Closed gregw closed 8 years ago

gregw commented 9 years ago

@viktorklang Bringing this discussion back here from http://cs.oswego.edu/pipermail/concurrency-interest/2015-June/014275.html

I understand your comments about the expense of bidirectional communication and general acknowledgements. However, I also think that leaving the establishment of a back flow for such things as recycling outside the standard is leaving a bit of a hole for interoperability. But let me raise that separately.

For now, I want to understand more about the error handling, specifically in a chain of Processors. For any particular processor, it is possible that something can go wrong and when it does both ends of the RS need to be informed. Currently the API allows for errors to be propagated by calling onError(Throwable) down stream and cancel() upstream.

This is sufficient for shutting down the stream, but my question is why is the exception passed down not up? Essentially the stream can be shutdown without passing the exception in either direction and the throwable is not needed:

Subscriber{
  ...
  void cancel();
}

Subscription{
  ...
  void onError();
}

So given that as a conceptual starting point, can the usability of the API be improved by telling one end or the other the details of a problem?

I'm struggling to think of an exception that the ultimate subscriber can use to improve it's implementation. All it really needs to know is that the stream is not completing normally.

On the other hand, I can think of several examples where passing the exception upstream to the origin publisher will help the usability of the API. If a publisher is delivering an unsuitable object (it is incomplete, illegal state, can't be serialized, contains types that have no json convertor, don't match DB schema etc.), then telling that publisher what is the problem will be valuable in helping them correct their Publisher. Sure the exception can be logged by either the Processor or the ultimate Subscriber, but that might be on a remote system to the Publisher and they may not see the log.

So if a Publisher is sending an unsuitable item, all they will see is a cancel call in return and no explanation why.

So if the exception is to be propagated, sending it upstream seams to me more appropriate than sending it downstream. But not opposed to sending it both ways:

Subscriber{
  ...
  void onError(Thowable);
}

Subscription{
  ...
  void onError(Throwable);
}

With the spec having suitable protections about looping errors.

viktorklang commented 9 years ago

@sbordet This is already possible by either using Publisher-Subscriber pairs or a Processor.

With respect to the current length of this thread and everyone's time, let's continue the, in my opinion, more interesting discussion on how to model using RS in #288

Cheers, √

sbordet commented 9 years ago

@viktorklang

a Processor won't fit the case because its semantic is typically to maintain the stream direction: takes from the left, emits to the right.

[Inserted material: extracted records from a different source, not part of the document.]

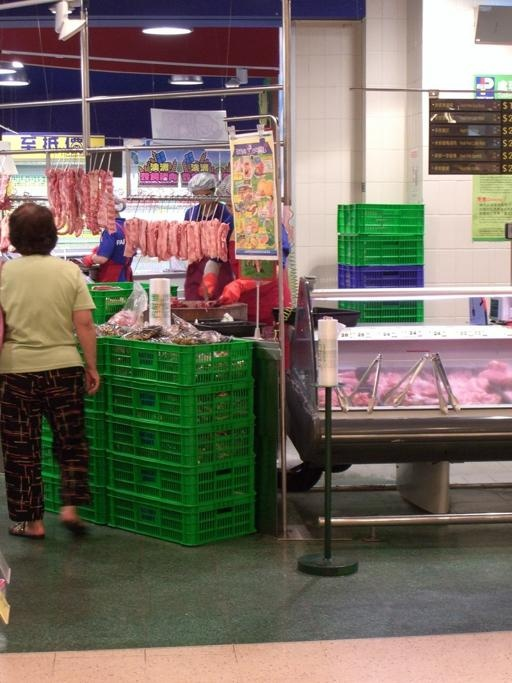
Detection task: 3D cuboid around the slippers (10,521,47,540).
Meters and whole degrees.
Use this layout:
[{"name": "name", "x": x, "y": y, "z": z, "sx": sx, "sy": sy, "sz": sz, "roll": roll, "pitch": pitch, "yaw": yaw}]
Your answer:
[{"name": "slippers", "x": -1.125, "y": 0.931, "z": 3.362, "sx": 0.178, "sy": 0.091, "sz": 0.084, "roll": 7, "pitch": 3, "yaw": 30}]

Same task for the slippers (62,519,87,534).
[{"name": "slippers", "x": -0.895, "y": 0.907, "z": 3.310, "sx": 0.120, "sy": 0.050, "sz": 0.160, "roll": -4, "pitch": -7, "yaw": 6}]

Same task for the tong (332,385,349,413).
[{"name": "tong", "x": 0.412, "y": 0.287, "z": 3.221, "sx": 0.046, "sy": 0.161, "sz": 0.045, "roll": -36, "pitch": -52, "yaw": 28}]

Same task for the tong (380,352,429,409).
[{"name": "tong", "x": 0.747, "y": 0.193, "z": 3.316, "sx": 0.298, "sy": 0.251, "sz": 0.141, "roll": 0, "pitch": -2, "yaw": -12}]

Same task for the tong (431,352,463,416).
[{"name": "tong", "x": 0.933, "y": 0.206, "z": 3.327, "sx": 0.136, "sy": 0.283, "sz": 0.217, "roll": -1, "pitch": -2, "yaw": 7}]

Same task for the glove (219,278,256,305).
[{"name": "glove", "x": -0.129, "y": -0.324, "z": 4.537, "sx": 0.245, "sy": 0.200, "sz": 0.648, "roll": 0, "pitch": -2, "yaw": -1}]

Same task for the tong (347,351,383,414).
[{"name": "tong", "x": 0.547, "y": 0.204, "z": 3.343, "sx": 0.147, "sy": 0.282, "sz": 0.313, "roll": -1, "pitch": -2, "yaw": 15}]

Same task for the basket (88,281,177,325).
[{"name": "basket", "x": -0.790, "y": -0.267, "z": 4.324, "sx": 0.541, "sy": 0.149, "sz": 0.313, "roll": -3, "pitch": 8, "yaw": -19}]

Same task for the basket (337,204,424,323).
[{"name": "basket", "x": 1.527, "y": -0.966, "z": 8.130, "sx": 1.054, "sy": 1.497, "sz": 0.685, "roll": -1, "pitch": -2, "yaw": 6}]

The feedback approach above, instead, has a Subscriber that takes from the left, but the feedback Publisher emits to the left, not to the right like a Processor would.

In any case, if you can outline how a Publisher/Subscriber pair or Processor would work in #288 that would be awesome.

Thanks !

maxwindiff commented 9 years ago

@gregw

Taking the REST API as an example again. Say if my application uses a REST client to talk to some service. If the client failed, there are actually a good number of things it can do to facilitate troubleshooting: it can throw an exception, log the reason of error or record an error metric, any of which may trigger some programmatic handling or human intervention. Even if there is no way to transmit an error back within the REST call, it does not prevent me from building an out-of-band error notification channel. I think the same can be said for a RS Subscriber.

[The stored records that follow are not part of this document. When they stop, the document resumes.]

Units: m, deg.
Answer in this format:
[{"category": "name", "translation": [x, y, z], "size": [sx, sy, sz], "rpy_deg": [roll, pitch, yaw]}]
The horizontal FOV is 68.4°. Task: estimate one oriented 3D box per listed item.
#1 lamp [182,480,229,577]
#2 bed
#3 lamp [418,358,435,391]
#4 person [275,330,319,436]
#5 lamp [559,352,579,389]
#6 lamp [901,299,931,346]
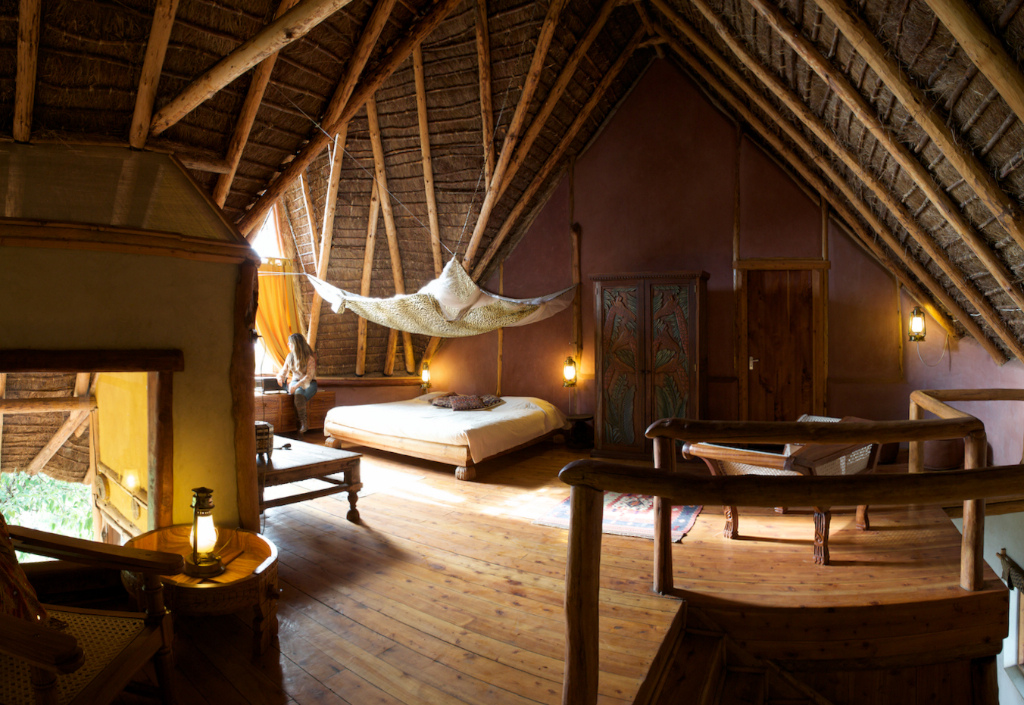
[{"category": "lamp", "translation": [-1.855, 1.078, 4.539], "size": [0.255, 0.525, 0.254], "rpy_deg": [-1, 0, -1]}, {"category": "bed", "translation": [-0.727, 0.887, 8.390], "size": [2.037, 0.564, 1.742], "rpy_deg": [-1, 0, 35]}, {"category": "lamp", "translation": [-1.146, 0.273, 10.022], "size": [0.127, 0.349, 0.231], "rpy_deg": [-1, 0, 8]}, {"category": "person", "translation": [-2.500, 0.386, 8.812], "size": [0.415, 1.199, 1.214], "rpy_deg": [-1, 0, -17]}, {"category": "lamp", "translation": [0.690, 0.217, 8.933], "size": [0.204, 0.324, 0.306], "rpy_deg": [-1, 0, 4]}, {"category": "lamp", "translation": [3.948, -0.304, 7.412], "size": [0.213, 0.423, 0.327], "rpy_deg": [-1, 0, 28]}]

Sidetrack: for your logging concerns, I think incompatible logging mechanisms isn't an real issue in modern web applications. Applications are usually configured with logging facades / adapters / aggregators to output all logs in a consistent way.

As for whether there is value in specifying a minimal error reporting mechanism to provide interoperability – maybe there is, but why it has to be part of reactive-streams?

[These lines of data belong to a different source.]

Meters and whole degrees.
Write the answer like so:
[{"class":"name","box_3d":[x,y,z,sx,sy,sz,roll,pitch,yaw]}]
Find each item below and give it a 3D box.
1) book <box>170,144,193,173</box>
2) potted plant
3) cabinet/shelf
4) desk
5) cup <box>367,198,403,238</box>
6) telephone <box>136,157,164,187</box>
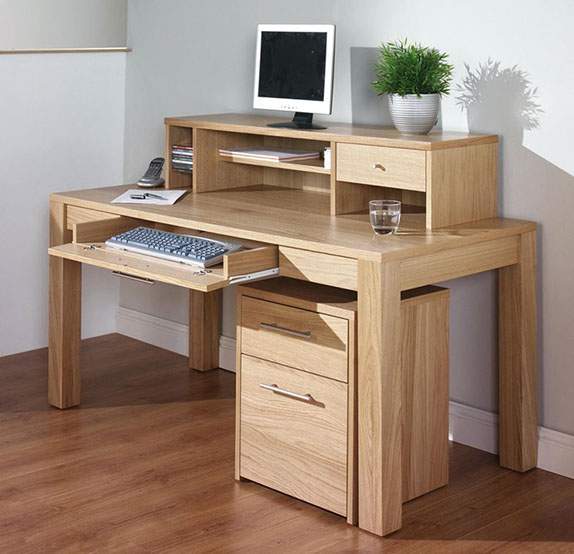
[{"class":"book","box_3d":[-0.413,-0.464,2.269,0.067,0.076,0.121,-8,16,-41]},{"class":"potted plant","box_3d":[0.384,-0.592,1.812,0.225,0.219,0.187,0,14,9]},{"class":"cabinet/shelf","box_3d":[0.169,0.329,1.718,0.492,0.553,0.484,-4,5,-40]},{"class":"desk","box_3d":[-0.126,-0.013,1.985,1.532,0.917,1.016,15,21,39]},{"class":"cup","box_3d":[0.267,-0.156,1.560,0.082,0.080,0.085,4,4,0]},{"class":"telephone","box_3d":[-0.552,-0.435,2.385,0.082,0.035,0.182,1,27,8]}]

benjchristensen commented 9 years ago

Finally catching up with this thread and want to weigh in. Hopefully my late contributions are of value to clarify and help resolve this discussion.

tl;dr – I agree with @viktorklang on this matter.

Purpose of Cancel

Cancel is not for signaling errors upstream. It is for cancelling. Most common use is stopping a data stream and releasing resources. Think stream.take(10). Cancelling on an error is just a consumer canceling interest, regardless of whether that reason is due to an error or not. The Publisher should not care why the cancel occurred. It's just a signal the Subscriber can send to the Publisher to terminate if not already terminated. If the Publisher is already terminated, then the cancel signal is unnecessary (since the Publisher already terminated itself and thus could have performed its own cleanup).

Use of onError

Error propagation down has many uses, same as try/catch with conditional handling of different Throwable types, including branching logic, retries and default data.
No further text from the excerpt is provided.